Larabanga is smaller than I was expecting with only 4,000 people in the community. Luckily we’d had the foresight to cal ahead to reserve space with the Salia Brothers Guest House, and one of them met us from the bus – Larabanga is notoriously hassle prone for tourists, especially those arriving in the dark.

The guesthouse again was smaller than I’d imagined, but homely and cheap at five Cedi each for the night – after dropping off our bags one of the brothers became our unofficial tour guide and took us on the short walk through the dark alleyways between the traditional mud huts to the main reason for visiting Larabanga – the mosque. Accepted as the oldest building in Ghana (but exact dates vary wildly), and equipped with enough myths and legends to satisfy the most demanding tourist, the mosque is the focal point of the exclusively Moslem village. The locals here are immensely proud of the white clay building, and although we weren’t actually permitted to enter the building it was an admittedly impressive sight.

As it’s Friday night, the club next door to Salia Brothers was in full swing, so with no chance of sleep anytime soon we climbed a rickety ladder to the roof of the guesthouse where we enjoyed a chilled out, and much needed lager. With a total darkness that’s never possible in the UK and a perfectly clear sky, we marveled at the million and one stars in the night sky.
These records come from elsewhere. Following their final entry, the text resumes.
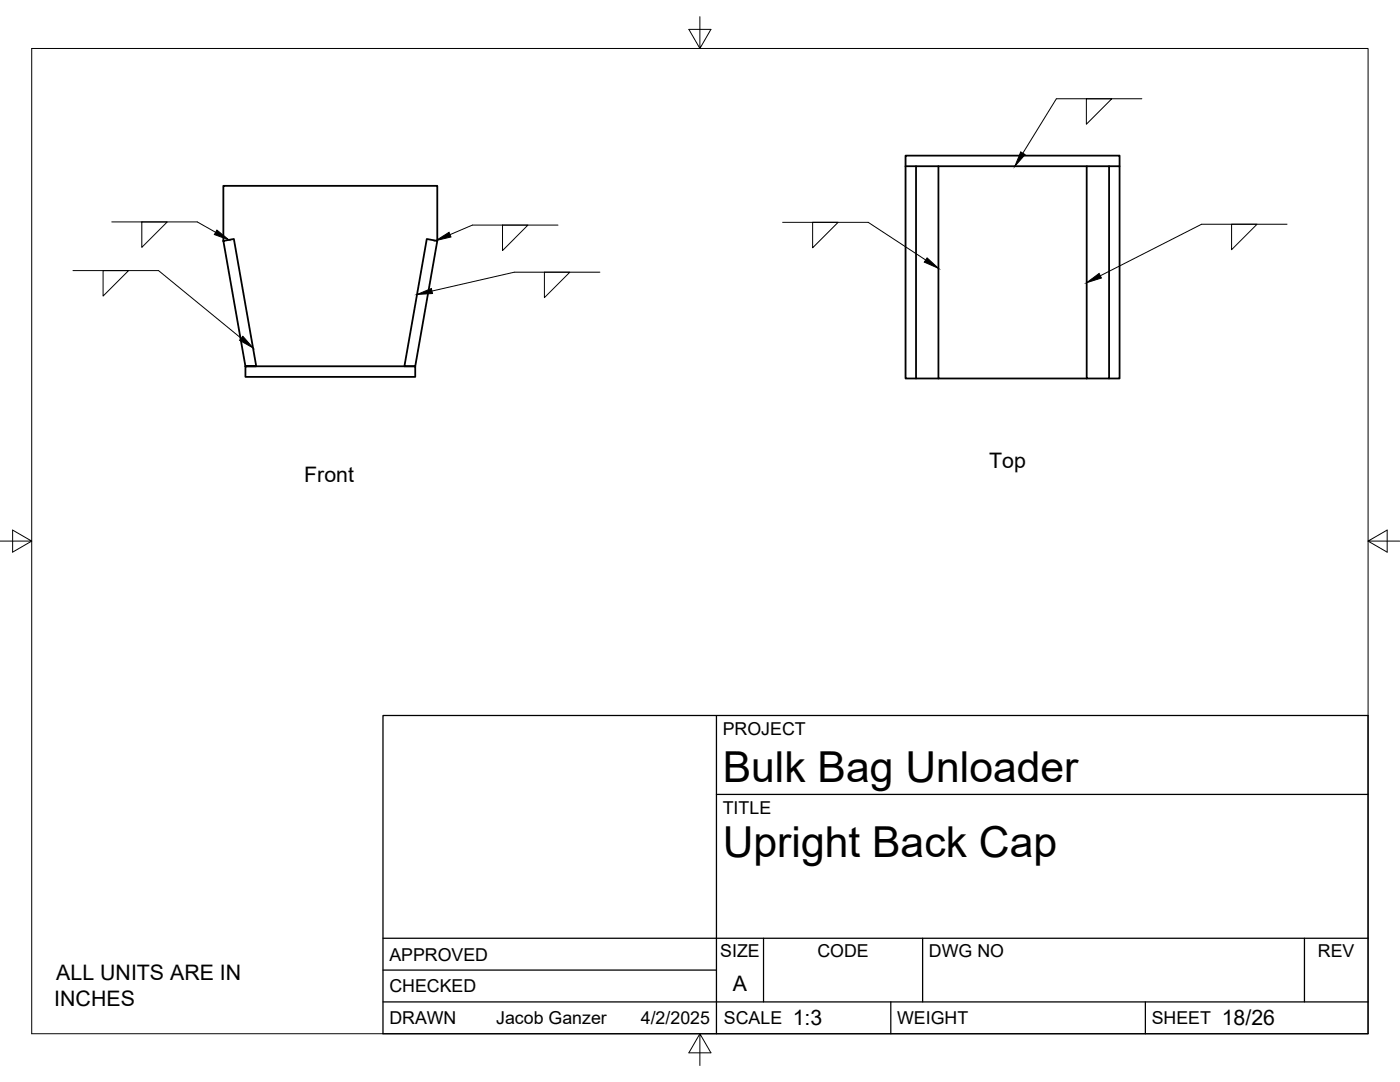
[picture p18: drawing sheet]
<svg xmlns="http://www.w3.org/2000/svg" width="279mm" height="216mm" viewBox="0 0 279 216" stroke-linecap="round" stroke-linejoin="round" font-family="sans-serif">
<defs><g id="words">
<g font-size="8.5">
<text x="144.3" y="156">Bulk Bag Unloader</text>
<text x="144.3" y="171">Upright Back Cap</text>
</g>
<g font-size="4.3">
<text x="197.4" y="93.4">Top</text>
<text x="60.7" y="96.2">Front</text>
<text x="11.2" y="195.6">ALL UNITS ARE IN</text>
<text x="146.3" y="197.7">A</text>
<text x="10.8" y="200.7">INCHES</text>
<text x="158.2" y="204.6">1:3</text>
<text x="243.8" y="204.6">18/26</text>
</g>
<g font-size="3.5">
<text x="144.3" y="146.6">PROJECT</text>
<text x="144.3" y="162.3">TITLE</text>
<text x="77.7" y="191.7">APPROVED</text>
<text x="143.7" y="191">SIZE</text>
<text x="163.1" y="191">CODE</text>
<text x="185.4" y="191">DWG NO</text>
<text x="263" y="191">REV</text>
<text x="77.7" y="198">CHECKED</text>
<text x="77.7" y="204.4">DRAWN</text>
<text x="99" y="204.4">Jacob Ganzer</text>
<text x="127.9" y="204.4">4/2/2025</text>
<text x="144.5" y="204.4">SCALE</text>
<text x="179" y="204.4">WEIGHT</text>
<text x="229.8" y="204.4">SHEET</text>
</g>
</g></defs>
<!-- layer: Visible -->
<path d="M180.7 33.2v42.3h2.1M180.7 33.2h42.7v42.3h-2.1M180.7 33.2v-2.1h42.7v2.1M182.8 33.2v42.3h4.5M187.3 33.2v42.3h29.6M216.9 33.2v42.3h4.4v-42.3M44.6 48.1l4.4 25h33.9v2.1h-33.9v-2.1h2.1l-4.4-25.4zM44.6 48.1v-11h42.7v11M85.2 47.7l2.1 .4-4.4 25h-2.2z" fill="none" stroke="#000" stroke-width=".36"/>
<!-- layer: Border -->
<path d="M6.3 9.7h266.7v196.6h-266.7zM139.7 3.3v6.4l2.2-3.8h-4.4l2.2 3.8M0 108h6.3l-3.8-2.2v4.4l3.8-2.2M273 108l3.8 2.2v-4.4l-3.8 2.2h6.4M139.7 206.3l-2.2 3.8h4.4l-2.2-3.8v6.3" fill="none" stroke="#000" stroke-width=".2"/>
<!-- layer: Titleblock -->
<path d="M76.4 142.8h196.6v63.5h-196.6zM143 158.5h130M143 142.8v63.5M76.4 199.9h196.6M76.4 193.6h66.6M76.4 187.2h196.6M152.4 187.2v12.7M177.8 199.9v6.4M184.1 187.2v12.7M228.6 199.9v6.4M260.3 187.2v12.7" fill="none" stroke="#000" stroke-width=".25"/>
<g fill="none" stroke="#000" stroke-width=".2">
<path d="M216.8 19.7h5.1l-5.1 5.1zM227.9 19.7h-17.1l-6.7 10.9M14.6 54h17l16.5 13.5M20.6 54h5.1l-5.1 5.1zM22.3 44.3h17.1l3.6 2.1M28.3 44.3h5.1l-5.1 5.1zM100.3 44.9h5.1l-5.1 5.1zM108.6 54.3h5.1l-5.1 5.1zM111.4 44.9h-17.1l-4.5 1.9M119.7 54.3h-17.1l-16.4 3.8M156.2 44.4h17.1l11.4 7.5M162.2 44.4h5.1l-5.1 5z"/>
<path d="M245.8 44.7h5.1l-5.1 5.1zM256.9 44.7h-17.1l-20.2 10.3"/>
</g>
<path d="M203.7 30.3l.9 .5-2.1 2.4zM43.3 45.9l2.4 2-2.9-1.1zM83.2 58.8l2.9-1.2 .2 1zM87 48l2.6-1.6 .4 .9zM185 51.5l2.3 2.1-2.8-1.3zM216.9 56.4l2.5-1.8 .4 .9zM48.5 67.1l2 2.3-2.7-1.5z" fill="#000" stroke="#000" stroke-width=".2"/>
<use href="#words"/>
</svg>

I’ve heard people talk about the sky in these terms before but never seen it for myself.

Charmed by the view and stung a little by the romanticism of it (partly fuelled no doubt by the 5.7% Stone Beer) I decided to take up the option of sleeping on the roof under the night’s canopy. With my mattress moved to the roof and just under my cotton sleeping bag it was an unforgettable experience to drift off under the stars, and wake up again to the noises of the small village waking up and setting about a day’s work.